He knew Charlotte couldn’t pull her gaze from how tightly Reine gripped Eva’s hand. Her clothes were worn and old. He couldn’t remember whether those were the ones she’d been arrested in. He had so many damn questions, and he could see panic staring back at him from the face of a little girl who’d had her life turned upside down.
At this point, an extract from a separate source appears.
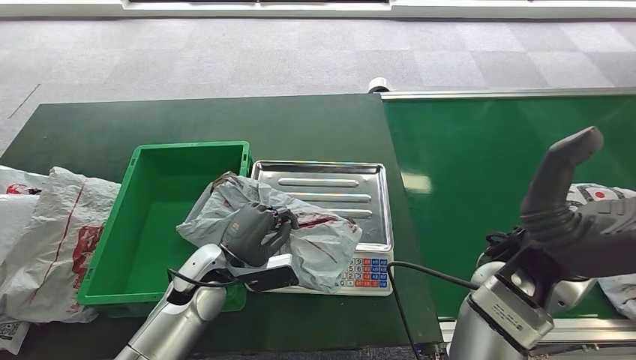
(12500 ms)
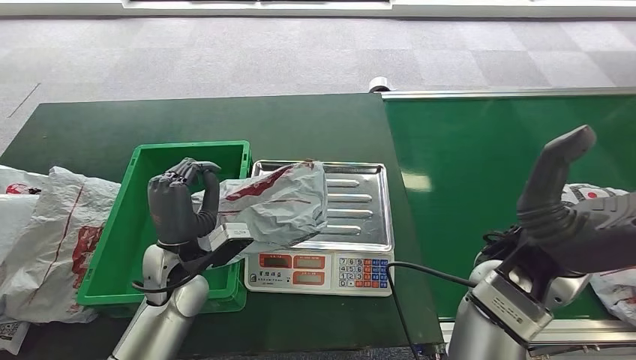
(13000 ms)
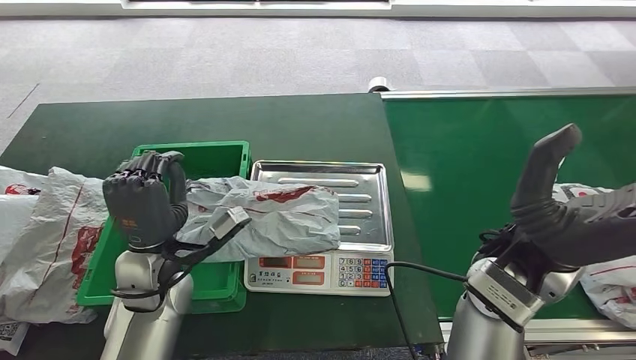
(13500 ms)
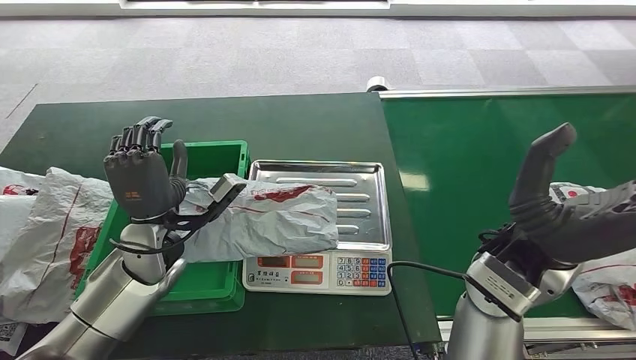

“Eva, you love school,” Charlotte said, slipping away from him to squat down in front of Eva and reach out for her. “This was just a short visit with Reine this morning. You’ll see her again. We’ll have her over. Come on, you go and get your shoes on. This isn’t goodbye. Come on.” She slid her hand over Eva’s arm, rubbing it.
Eva looked up to Reine, who was still holding her other hand, as if waiting for her mother to say it was okay. He couldn’t have this, so he took a step toward them, seeing the determination on Reine’s face. From her silence and the way she stared back at him with a hard, unforgiving look, it was clear she had no intention of letting go of Eva’s hand. He wondered whether she expected to walk out of the house with his daughter. He needed to remind her it didn’t work like that.
“Charlotte’s right, Eva,” he said. “We’ll have Reine over, but you need to go get your shoes on, and Charlotte will take you to school. Remember, Grandma is picking you up today, and it’s family night at her house tonight. Right now, Reine and I need to talk. Isn’t that right, Reine?”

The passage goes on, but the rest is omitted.